0

Im researching about MultiLayer Perceptrons, a kind of Neural Networks. When I read about Back Propagation Algorithm I see some authors suggest to update weights inmediately after we computed all errors for specific layer, but another authors explain we need to update weights after we get all errors for all layers. What are correct approach?

1st Approach:

function void BackPropagate(){
    ComputeErrorsForOutputLayer();
    UpdateWeightsOutputLayer();
    ComputeErrorsForHiddenLayer();
    UpdateWeightsHiddenLayer();
}

2nd Approach:

function void BackPropagate(){
    ComputeErrorsForOutputLayer();
    ComputeErrorsForHiddenLayer();
    UpdateWeightsOutputLayer();
    UpdateWeightsHiddenLayer();
}

Thanks for everything.

lejlot
  • 64,777
  • 8
  • 131
  • 164
Mr Rivero
  • 1,248
  • 7
  • 17
  • 1
    The output gradient concerns the current state of weights, so it doesn't make sense to first modify the weights and then propagate further the gradient that origins from their previous values. Therefore only the 2nd approach seems reasonable to me. Can you provide the source of the information about the 1st approach? – BartoszKP Aug 25 '13 at 12:38
  • @BartoszKP in the book ISBN 978-987-1347-51-3 (spanish language) chapter five talks about Neural Networks, and use 1st approach.
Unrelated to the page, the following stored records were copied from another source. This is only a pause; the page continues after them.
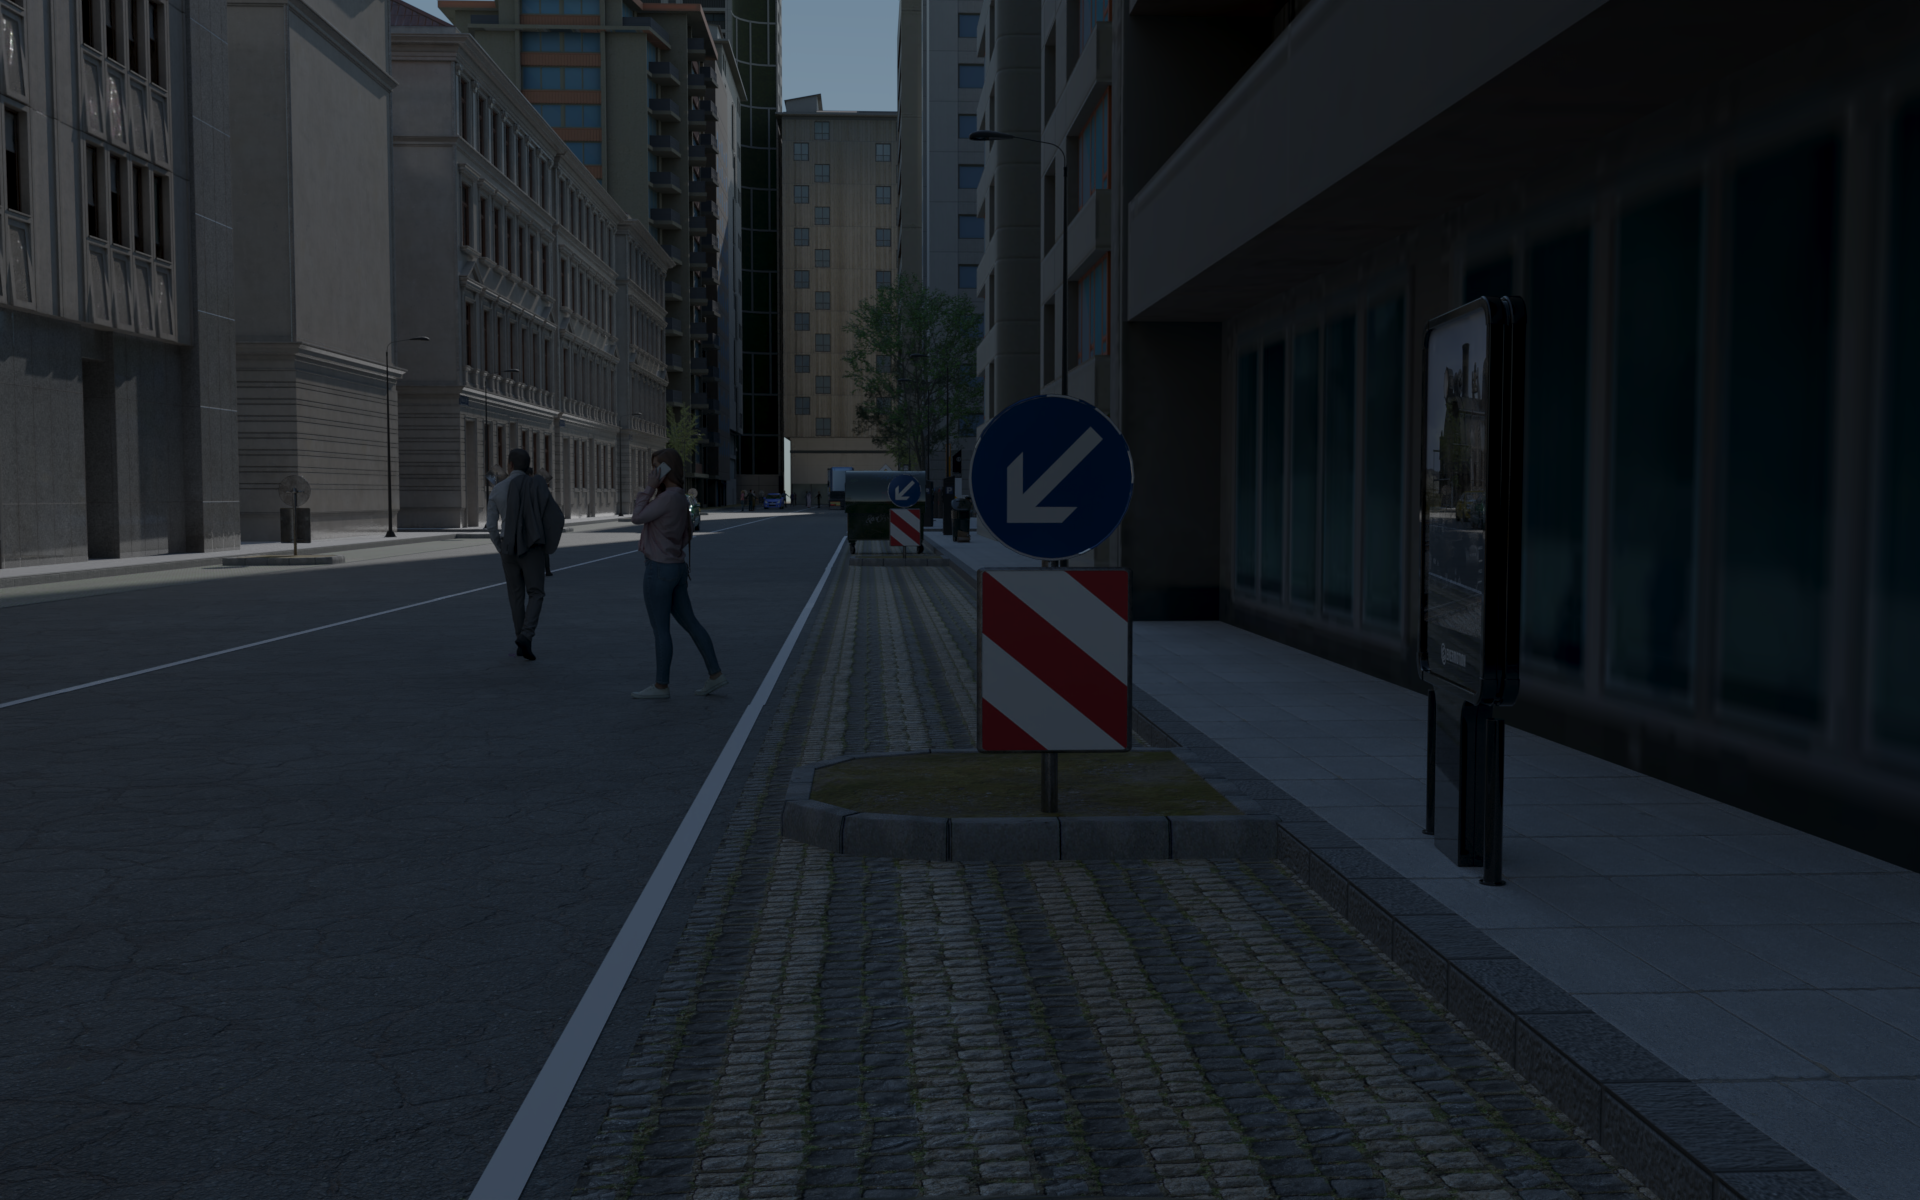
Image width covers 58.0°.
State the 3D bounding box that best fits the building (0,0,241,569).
[{"bbox_3d":[-22.042,-12.899,28.918,12.078,24.808,19.932,0,4,-3],"label":"building"}]

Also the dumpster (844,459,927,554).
[{"bbox_3d":[-1.771,-2.226,41.347,1.985,2.255,1.502,0,4,-2],"label":"dumpster"}]

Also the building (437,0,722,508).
[{"bbox_3d":[-33.000,-30.499,153.289,22.147,44.769,28.867,0,4,-3],"label":"building"}]

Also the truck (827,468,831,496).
[{"bbox_3d":[-13.303,-12.415,191.896,2.839,4.237,11.283,0,4,-3],"label":"truck"}]

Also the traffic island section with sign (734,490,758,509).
[{"bbox_3d":[-20.702,-9.655,166.490,1.989,1.847,2.006,0,4,-3],"label":"traffic island section with sign"}]

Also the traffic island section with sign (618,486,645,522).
[{"bbox_3d":[-16.640,-4.976,89.980,1.989,1.847,2.006,0,4,-3],"label":"traffic island section with sign"}]

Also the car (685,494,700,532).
[{"bbox_3d":[-10.992,-3.340,66.412,2.131,1.459,4.920,0,4,-4],"label":"car"}]

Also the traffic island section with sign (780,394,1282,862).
[{"bbox_3d":[0.221,0.059,7.661,1.989,1.847,2.006,0,4,-3],"label":"traffic island section with sign"}]

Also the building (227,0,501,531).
[{"bbox_3d":[-24.276,-14.545,73.974,11.583,22.565,21.152,0,4,-3],"label":"building"}]

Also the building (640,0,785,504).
[{"bbox_3d":[-34.380,-48.500,231.231,20.611,71.187,20.563,0,4,-3],"label":"building"}]

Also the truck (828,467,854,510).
[{"bbox_3d":[-11.253,-10.769,165.824,2.967,4.110,18.799,0,4,-4],"label":"truck"}]

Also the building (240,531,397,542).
[{"bbox_3d":[-27.860,-13.108,50.475,21.152,22.565,11.583,0,4,-3],"label":"building"}]

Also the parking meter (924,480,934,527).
[{"bbox_3d":[-1.229,-3.792,67.711,0.399,1.863,0.255,1,4,21],"label":"parking meter"}]

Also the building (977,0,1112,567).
[{"bbox_3d":[15.103,-11.992,41.108,27.650,21.520,28.899,0,4,-3],"label":"building"}]

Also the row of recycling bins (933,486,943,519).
[{"bbox_3d":[-0.962,-5.139,91.133,1.069,1.692,3.534,-2,4,-26],"label":"row of recycling bins"}]

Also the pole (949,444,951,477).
[{"bbox_3d":[-0.471,-4.667,70.141,0.158,3.312,0.155,0,3,0],"label":"pole"}]

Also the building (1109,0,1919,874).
[{"bbox_3d":[12.767,-23.439,6.926,21.300,48.544,21.600,0,4,-3],"label":"building"}]

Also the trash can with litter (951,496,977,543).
[{"bbox_3d":[0.113,-2.125,46.132,0.624,1.170,1.055,-1,4,-10],"label":"trash can with litter"}]

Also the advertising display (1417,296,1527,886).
[{"bbox_3d":[1.773,-0.053,6.073,0.123,1.923,0.974,0,4,3],"label":"advertising display"}]

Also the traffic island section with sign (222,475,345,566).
[{"bbox_3d":[-13.752,-1.641,35.458,1.989,1.847,2.006,0,4,-3],"label":"traffic island section with sign"}]

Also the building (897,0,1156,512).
[{"bbox_3d":[5.133,-32.674,157.916,21.300,48.544,21.600,0,4,-3],"label":"building"}]

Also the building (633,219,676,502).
[{"bbox_3d":[-26.085,-17.160,116.724,11.583,22.565,21.152,0,4,-3],"label":"building"}]

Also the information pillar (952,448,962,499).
[{"bbox_3d":[-0.139,-5.967,88.919,0.504,3.616,0.183,0,4,-6],"label":"information pillar"}]

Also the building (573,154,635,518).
[{"bbox_3d":[-25.399,-15.835,95.056,11.583,22.565,21.152,0,4,-3],"label":"building"}]

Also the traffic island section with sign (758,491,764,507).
[{"bbox_3d":[-22.137,-11.315,193.621,1.989,1.847,2.006,0,4,-3],"label":"traffic island section with sign"}]

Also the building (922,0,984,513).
[{"bbox_3d":[7.871,-35.279,118.807,21.231,58.520,28.212,0,4,-3],"label":"building"}]

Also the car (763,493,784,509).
[{"bbox_3d":[-17.726,-9.504,164.983,1.945,1.707,3.694,0,4,-1],"label":"car"}]

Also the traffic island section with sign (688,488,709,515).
[{"bbox_3d":[-18.101,-6.656,117.445,1.989,1.847,2.006,0,4,-3],"label":"traffic island section with sign"}]

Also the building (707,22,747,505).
[{"bbox_3d":[-39.209,-37.359,200.066,27.495,52.752,28.713,0,4,-3],"label":"building"}]

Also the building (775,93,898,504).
[{"bbox_3d":[-10.573,-39.621,237.045,27.495,52.752,28.713,0,4,-3],"label":"building"}]

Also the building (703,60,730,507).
[{"bbox_3d":[-30.933,-32.129,175.427,14.600,45.320,14.200,0,4,-3],"label":"building"}]

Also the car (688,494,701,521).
[{"bbox_3d":[-13.366,-4.429,82.634,2.015,1.641,3.980,0,4,-3],"label":"car"}]

In this url: http://www4.rgu.ac.uk/files/chapter3%20-%20bp.pdf the implementation of back propagation algorithm update output weights inmediately after the output layer error calculation and after that compute error for hidden layer, and update hidden layer weights. – Mr Rivero Aug 26 '13 at 21:13
  • Indeed, that's how it says. However I second both answers below - it seems that there's an error in this book. – BartoszKP Aug 27 '13 at 09:55

3 Answers3

5

I am pretty sure that you have misunderstood the concept here. Two possible strategies are:

  • update weights after all errors for one input vector are calculated
  • update weights after all errors for all the input vectors are calculated

which is completely different from what you have written. These two method are sample/batch strategies, both having their pros and cons, due to simplicity the first approach is much more common in implementations.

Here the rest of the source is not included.